Sulfur hexafluoride (SF6) is a synthetic gas that is both recyclable and reusable. It was first produced in the early 20th century in a laboratory in Paris, and first patented to be used in electrical equipment by Westinghouse in the early 1940’s. Since 1960, SF6 has been widely used in all types of electrical switchgear above 52kV as an arc quenching medium. Driven by the need for reduced footprint and more compact designs, outdoor open-air substations have gradually evolved into indoor metal-enclosed or metal-clad switchgear, with all electric components enclosed in one metal housing. Since the 1980’s, the need for more compact switchgear designs has driven leading manufacturers to start using SF6 gas as an insulation medium to help further reduce the footprint. In fact, SF6 is widely used in many industries today, including health care, automobile, semi-conductor manufacturing and the military.
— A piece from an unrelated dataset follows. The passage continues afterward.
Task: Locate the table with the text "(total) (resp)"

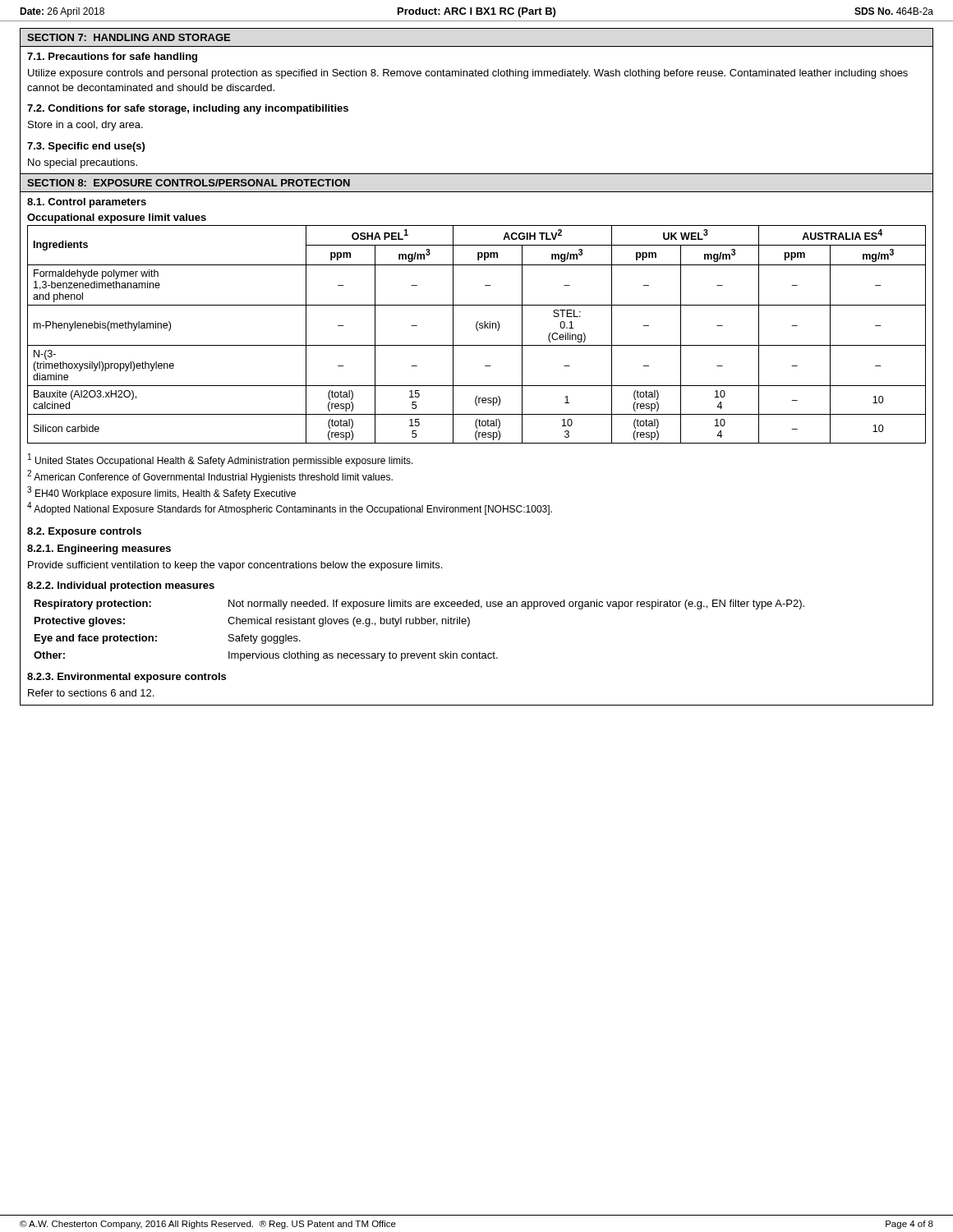Action: point(476,334)
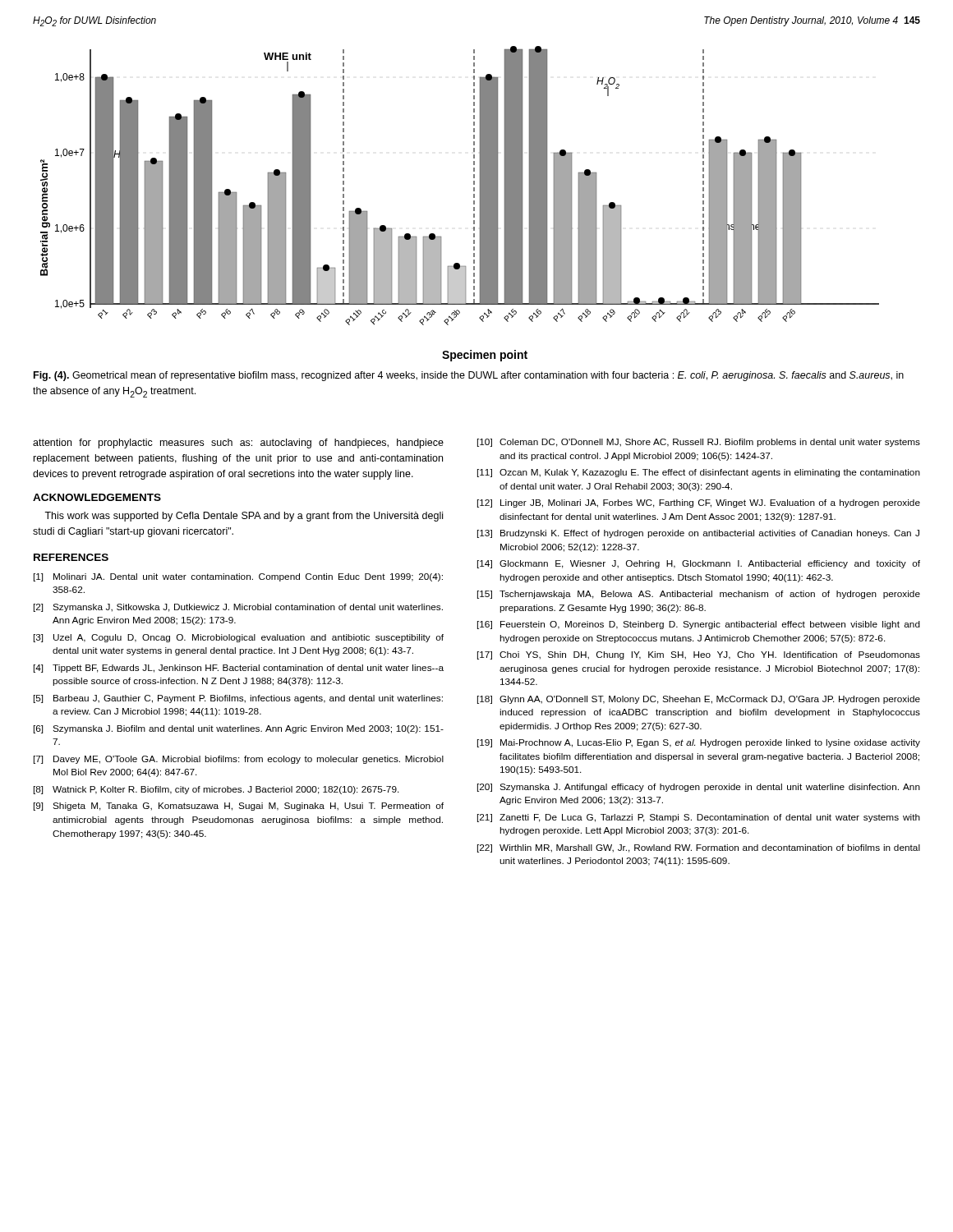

So, what is the myth surrounding SF6? What are the facts? For starters, SF6 is a colorless, odorless, non-flammable gas, and about five times more dense than air. It has 3.7 times higher heat capacity than air and also helps reduce ambient temperature rise. It is a high electro-negative gas, having 2.5 times better dielectric strength than air, which means that the gas molecules tend to catch free electrons and build heavily negative ions, thus preventing electron avalanche that precedes a flashover event.
Additional facts to consider include that commercially available SF6 is not dangerous, and is therefore not subject to the Hazardous Substances Order or Technical Regulations on Hazardous Substances (TRGS). It’s (“N.D.” as of IDLH by NIOSH) and according to NAFA 704. SF6 is also designated as non-ecotoxic; it does not deplete ozone. However, with the world paying more attention to environment issues, SF6 has come under the spotlight because of its high Global Warming Effect (GWE) and long-lasting period in environment. In fact, SF6 is not measured separately for hydrochlorofluorocarbons (HCF) mixed in the “group of F-gases” (HFC, PFC and SF6), in which the HCF gases are by far the most concerned F-gases from an overall climate perspective.
While not trying to diminish the potential environmental impact of SF6 as a greenhouse gas, we must also understand that a lot of rumors spread in the marketplace are driven more by commercial considerations rather than scientific facts. Thus far, there have been no international regulations under consideration to ban the usage of SF6. Several manufacturers are indeed developing and piloting “alternative” gases to SF6, but none of these alternative gases have proven completely non-toxic and stable for their entire lifecycle. As of today, the most effective way to limit the potential environmental impact from SF6 is to handle the gas itself. As mentioned earlier, SF6 is a man-made gas and can be recycled, re-processed and reused. If we handle it within a closed system until the end of its lifecycle, we can dramatically reduce the risk of leakage and thus reduce its environmental impact.
In early generations of medium voltage gas-insulated switchgear (GIS), bus bar gas tanks were filled with nitrogen (N2) before shipment. At the facility, N2 in those tanks had to be evacuated, tanks needed to be vacuumed after the bus bars were connected, and then finally filled with SF6. Furthermore, gas pipes had to be connected between phases. After this labor-intensive process, one still had to manually perform a leakage check point by point. In addition, extra equipment would also be required for site installation and commissioning.
Today, Schneider Electric’s innovative bus bar system designs found in CBGS-0 and GHA, part of the medium voltage GIS lineup, have eliminated gas handling jobs on site. In fact, CBGS-0 does not even have bus bar gas tanks, but instead features Shielded Solid Insulation bus bar technology. In addition, all gas tanks are built, tested, and sealed for their entire lifecycle in a factory setting. Since SF6 is confined to the tank itself for insultation purposes, and the gas itself is only slightly higher than ambient air (4.3psig relative), the leakage risk is minimal.
Schneider Electric’s innovative bus bar system designs have not only eliminated the need for on site gas handling while reducing total cost of ownership through longer maintenance cycles, but have also greatly reduced the potential environmental impact of SF6.